Find the domain of the following function.
\[
f(x)=\frac{x+5}{x^{2}-16}
\]
Choose the correct domain below.
A. $(-\infty, 16)$ or $(16, \infty)$
B. $(-\infty,-4)$ or $(-4,4)$ or $(4, \infty)$
C. $(-\infty, 5)$ or $(5, \infty)$
D. all real numbers

Step 1 ：The function given is \(f(x)=\frac{x+5}{x^{2}-16}\).

Step 2 ：The domain of a function is the set of all possible input values (x-values) which will output real numbers.

Step 3 ：In this case, the function is a rational function, and the denominator cannot be zero.

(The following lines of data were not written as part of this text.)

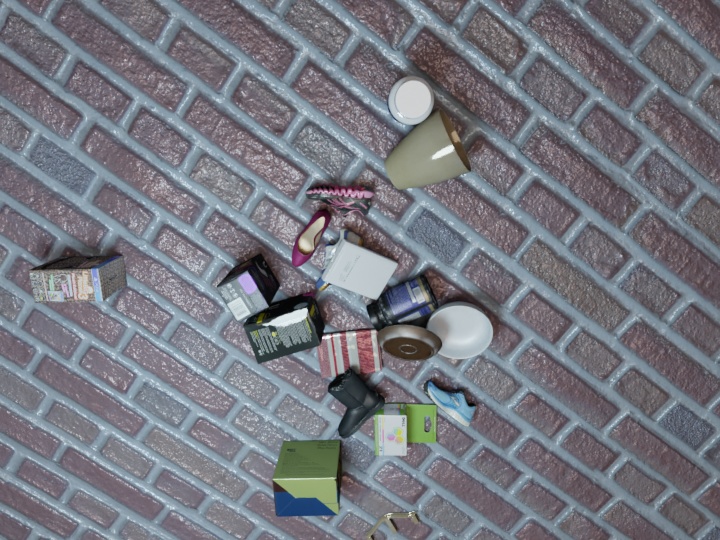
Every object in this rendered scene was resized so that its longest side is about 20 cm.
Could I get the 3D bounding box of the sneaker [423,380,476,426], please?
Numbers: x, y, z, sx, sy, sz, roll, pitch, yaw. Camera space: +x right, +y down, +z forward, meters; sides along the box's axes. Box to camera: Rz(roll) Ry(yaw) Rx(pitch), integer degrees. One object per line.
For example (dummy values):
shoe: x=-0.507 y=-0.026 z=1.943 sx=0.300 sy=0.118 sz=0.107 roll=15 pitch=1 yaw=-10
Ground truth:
sneaker: x=0.285 y=0.405 z=1.696 sx=0.199 sy=0.078 sz=0.090 roll=38 pitch=85 yaw=-13

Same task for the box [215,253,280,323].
box: x=-0.318 y=0.046 z=1.532 sx=0.105 sy=0.200 sz=0.123 roll=-27 pitch=103 yaw=8

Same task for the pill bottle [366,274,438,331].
pill bottle: x=0.123 y=0.102 z=1.585 sx=0.199 sy=0.112 sz=0.113 roll=-25 pitch=103 yaw=8

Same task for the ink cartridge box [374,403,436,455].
ink cartridge box: x=0.146 y=0.509 z=1.711 sx=0.198 sy=0.076 sz=0.149 roll=-1 pitch=106 yaw=4

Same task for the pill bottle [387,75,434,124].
pill bottle: x=0.130 y=-0.442 z=1.392 sx=0.118 sy=0.200 sz=0.121 roll=0 pitch=105 yaw=1

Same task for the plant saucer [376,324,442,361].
plant saucer: x=0.144 y=0.224 z=1.596 sx=0.198 sy=0.032 sz=0.201 roll=8 pitch=146 yaw=6

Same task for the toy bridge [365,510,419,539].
toy bridge: x=0.105 y=0.873 z=1.837 sx=0.199 sy=0.027 sz=0.068 roll=-29 pitch=102 yaw=8

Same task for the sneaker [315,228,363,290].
sneaker: x=-0.079 y=-0.034 z=1.582 sx=0.088 sy=0.075 sz=0.201 roll=39 pitch=97 yaw=4

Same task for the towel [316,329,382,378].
towel: x=-0.036 y=0.260 z=1.678 sx=0.198 sy=0.023 sz=0.146 roll=-6 pitch=105 yaw=2

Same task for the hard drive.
hard drive: x=0.000 y=0.000 z=1.557 sx=0.199 sy=0.027 sz=0.133 roll=22 pitch=106 yaw=-34

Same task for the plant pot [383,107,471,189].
plant pot: x=0.170 y=-0.307 z=1.452 sx=0.199 sy=0.187 sz=0.188 roll=-25 pitch=104 yaw=22

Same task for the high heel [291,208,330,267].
high heel: x=-0.151 y=-0.090 z=1.546 sx=0.067 sy=0.096 sz=0.201 roll=26 pitch=104 yaw=-6

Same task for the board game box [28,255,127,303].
board game box: x=-0.818 y=0.023 z=1.558 sx=0.198 sy=0.160 sz=0.098 roll=-1 pitch=105 yaw=1

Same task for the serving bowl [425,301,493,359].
serving bowl: x=0.297 y=0.170 z=1.612 sx=0.198 sy=0.066 sz=0.202 roll=5 pitch=123 yaw=7

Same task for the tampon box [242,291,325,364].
tampon box: x=-0.222 y=0.166 z=1.589 sx=0.198 sy=0.150 sz=0.127 roll=-17 pitch=105 yaw=5

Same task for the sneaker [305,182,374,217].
sneaker: x=-0.062 y=-0.197 z=1.534 sx=0.198 sy=0.079 sz=0.096 roll=5 pitch=117 yaw=1

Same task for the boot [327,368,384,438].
boot: x=-0.045 y=0.416 z=1.679 sx=0.168 sy=0.077 sz=0.200 roll=42 pitch=105 yaw=-17

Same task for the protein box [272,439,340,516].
protein box: x=-0.162 y=0.655 z=1.694 sx=0.196 sy=0.200 sz=0.136 roll=-2 pitch=105 yaw=2

Step 4 ：Therefore, we need to find the values of x that make the denominator zero and exclude them from the domain.

Step 5 ：The denominator is \(x^{2}-16\), which can be factored into \((x-4)(x+4)\).

Step 6 ：Therefore, the values of x that make the denominator zero are 4 and -4.

Step 7 ：So, the domain of the function is all real numbers except 4 and -4.

Step 8 ：Final Answer: The correct domain is \(\boxed{(-\infty,-4) \text{ or } (-4,4) \text{ or } (4, \infty)}\).